> **TASK INSTRUCTIONS**
The records below are to be transcribed exactly from their first line to the line that has "804, 1053, 861]", inclusive, with every picture omitted.

#### THE DATA ####

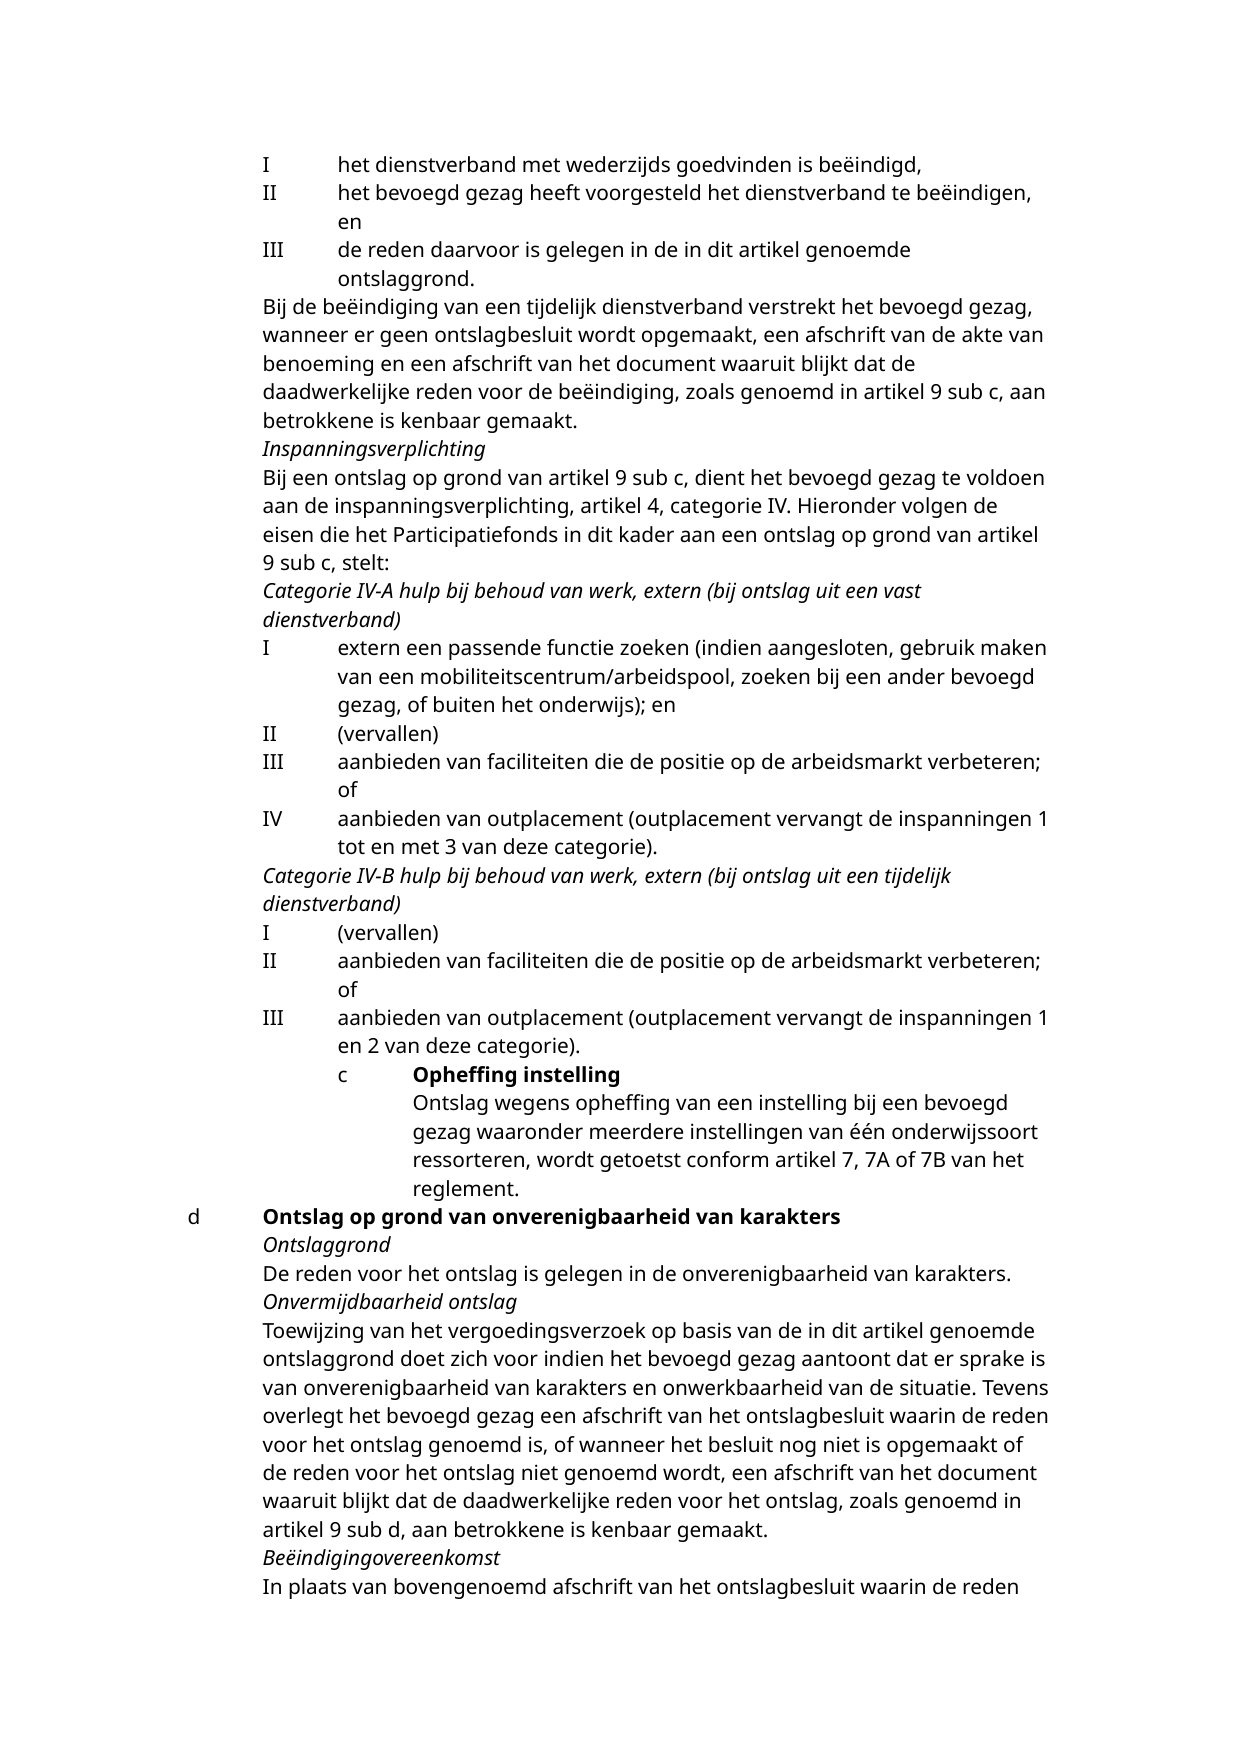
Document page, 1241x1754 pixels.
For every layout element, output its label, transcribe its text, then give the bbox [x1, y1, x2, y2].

list Beëindigingovereenkomst [187, 1543, 1053, 1572]
list De reden voor het ontslag is gelegen in de onverenigbaarheid van karakters. [187, 1259, 1053, 1287]
list aanbieden van outplacement (outplacement vervangt de inspanningen 1 tot en met 3 van deze categorie). [262, 804, 1053, 861]
list Opheffing instelling [337, 1060, 1053, 1088]
list Categorie IV-B hulp bij behoud van werk, extern (bij ontslag uit een tijdelijk dienstverband) [187, 861, 1053, 918]
list aanbieden van outplacement (outplacement vervangt de inspanningen 1 en 2 van deze categorie). [262, 1003, 1053, 1060]
list aanbieden van faciliteiten die de positie op de arbeidsmarkt verbeteren; of [262, 946, 1053, 1003]
list de reden daarvoor is gelegen in de in dit artikel genoemde ontslaggrond. [262, 235, 1053, 292]
list Ontslaggrond [187, 1231, 1053, 1259]
list het dienstverband met wederzijds goedvinden is beëindigd, [262, 150, 1053, 178]
list Bij de beëindiging van een tijdelijk dienstverband verstrekt het bevoegd gezag, wanneer er geen ontslagbesluit wordt opgemaakt, een afschrift van de akte van benoeming en een afschrift van het document waaruit blijkt dat de daadwerkelijke reden voor de beëindiging, zoals genoemd in artikel 9 sub c, aan betrokkene is kenbaar gemaakt. [187, 292, 1053, 434]
list Categorie IV-A hulp bij behoud van werk, extern (bij ontslag uit een vast dienstverband) [187, 577, 1053, 633]
list (vervallen) [262, 719, 1053, 747]
list het bevoegd gezag heeft voorgesteld het dienstverband te beëindigen, en [262, 178, 1053, 235]
list Onvermijdbaarheid ontslag [187, 1287, 1053, 1316]
list Ontslag op grond van onverenigbaarheid van karakters [187, 1202, 1053, 1231]
list Bij een ontslag op grond van artikel 9 sub c, dient het bevoegd gezag te voldoen aan de inspanningsverplichting, artikel 4, categorie IV. Hieronder volgen de eisen die het Participatiefonds in dit kader aan een ontslag op grond van artikel 9 sub c, stelt: [187, 463, 1053, 577]
list extern een passende functie zoeken (indien aangesloten, gebruik maken van een mobiliteitscentrum/arbeidspool, zoeken bij een ander bevoegd gezag, of buiten het onderwijs); en [262, 633, 1053, 719]
list In plaats van bovengenoemd afschrift van het ontslagbesluit waarin de reden [187, 1572, 1053, 1600]
list (vervallen) [262, 918, 1053, 946]
list aanbieden van faciliteiten die de positie op de arbeidsmarkt verbeteren; of [262, 747, 1053, 804]
list Ontslag wegens opheffing van een instelling bij een bevoegd gezag waaronder meerdere instellingen van één onderwijssoort ressorteren, wordt getoetst conform artikel 7, 7A of 7B van het reglement. [337, 1088, 1053, 1202]
list Inspanningsverplichting [187, 434, 1053, 463]
list Toewijzing van het vergoedingsverzoek op basis van de in dit artikel genoemde ontslaggrond doet zich voor indien het bevoegd gezag aantoont dat er sprake is van onverenigbaarheid van karakters en onwerkbaarheid van de situatie. Tevens overlegt het bevoegd gezag een afschrift van het ontslagbesluit waarin de reden voor het ontslag genoemd is, of wanneer het besluit nog niet is opgemaakt of de reden voor het ontslag niet genoemd wordt, een afschrift van het document waaruit blijkt dat de daadwerkelijke reden voor het ontslag, zoals genoemd in artikel 9 sub d, aan betrokkene is kenbaar gemaakt. [187, 1316, 1053, 1543]

####

> **FINAL ANSWER**
Document page, 1241x1754 pixels.
For every layout element, output its label, transcribe its text, then give the bbox [x1, y1, x2, y2].

list Beëindigingovereenkomst [187, 1543, 1053, 1572]
list De reden voor het ontslag is gelegen in de onverenigbaarheid van karakters. [187, 1259, 1053, 1287]
list aanbieden van outplacement (outplacement vervangt de inspanningen 1 tot en met 3 van deze categorie). [262, 804, 1053, 861]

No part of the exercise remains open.